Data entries
────

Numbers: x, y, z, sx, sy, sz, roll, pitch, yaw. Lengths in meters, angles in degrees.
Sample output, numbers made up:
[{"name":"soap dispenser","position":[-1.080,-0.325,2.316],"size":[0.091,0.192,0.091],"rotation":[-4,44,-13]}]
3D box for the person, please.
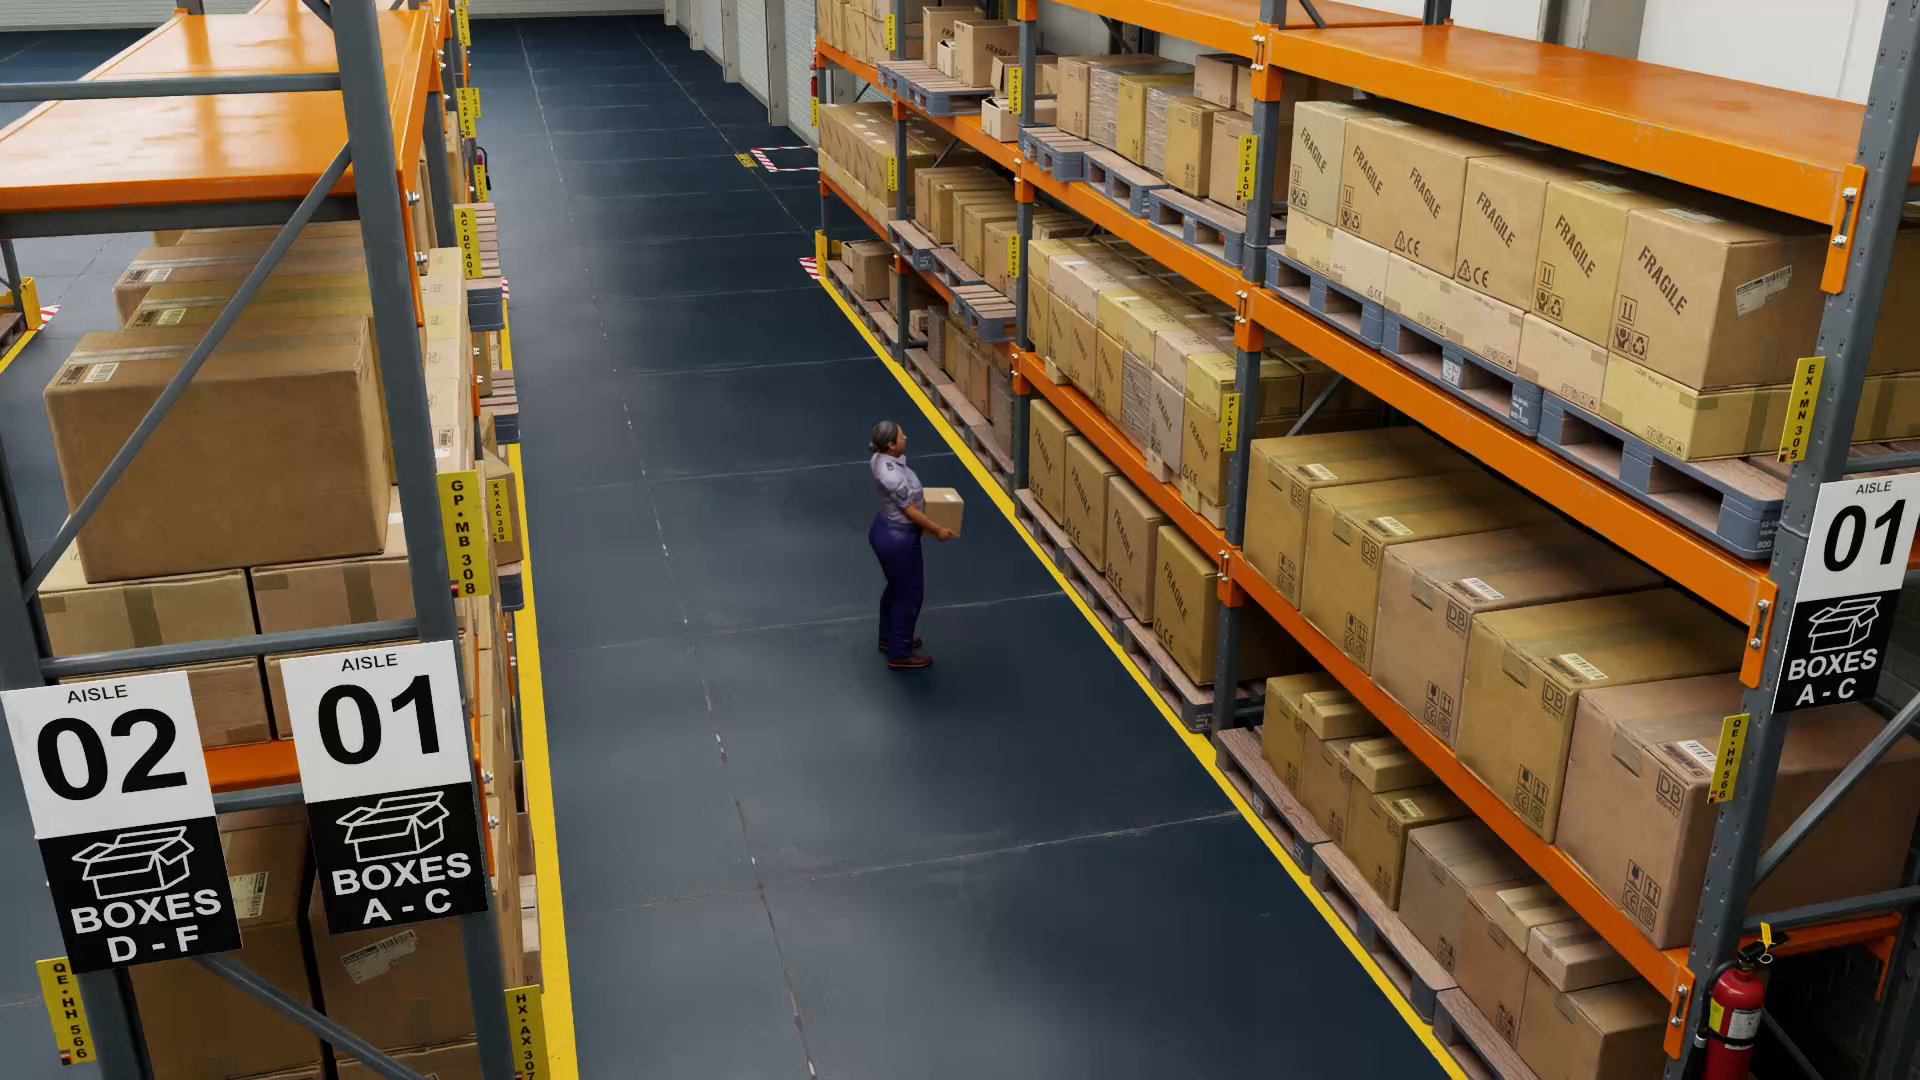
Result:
[{"name":"person","position":[-0.319,0.003,10.667],"size":[0.518,1.636,0.453],"rotation":[-6,24,-13]}]

────

> [Task instructions] Leave the pictures out and print the records above exactly as they stand.

> [The answer]
Numbers: x, y, z, sx, sy, sz, roll, pitch, yaw. Lengths in meters, angles in degrees.
Sample output, numbers made up:
[{"name":"soap dispenser","position":[-1.080,-0.325,2.316],"size":[0.091,0.192,0.091],"rotation":[-4,44,-13]}]
3D box for the person, please.
Result:
[{"name":"person","position":[-0.319,0.003,10.667],"size":[0.518,1.636,0.453],"rotation":[-6,24,-13]}]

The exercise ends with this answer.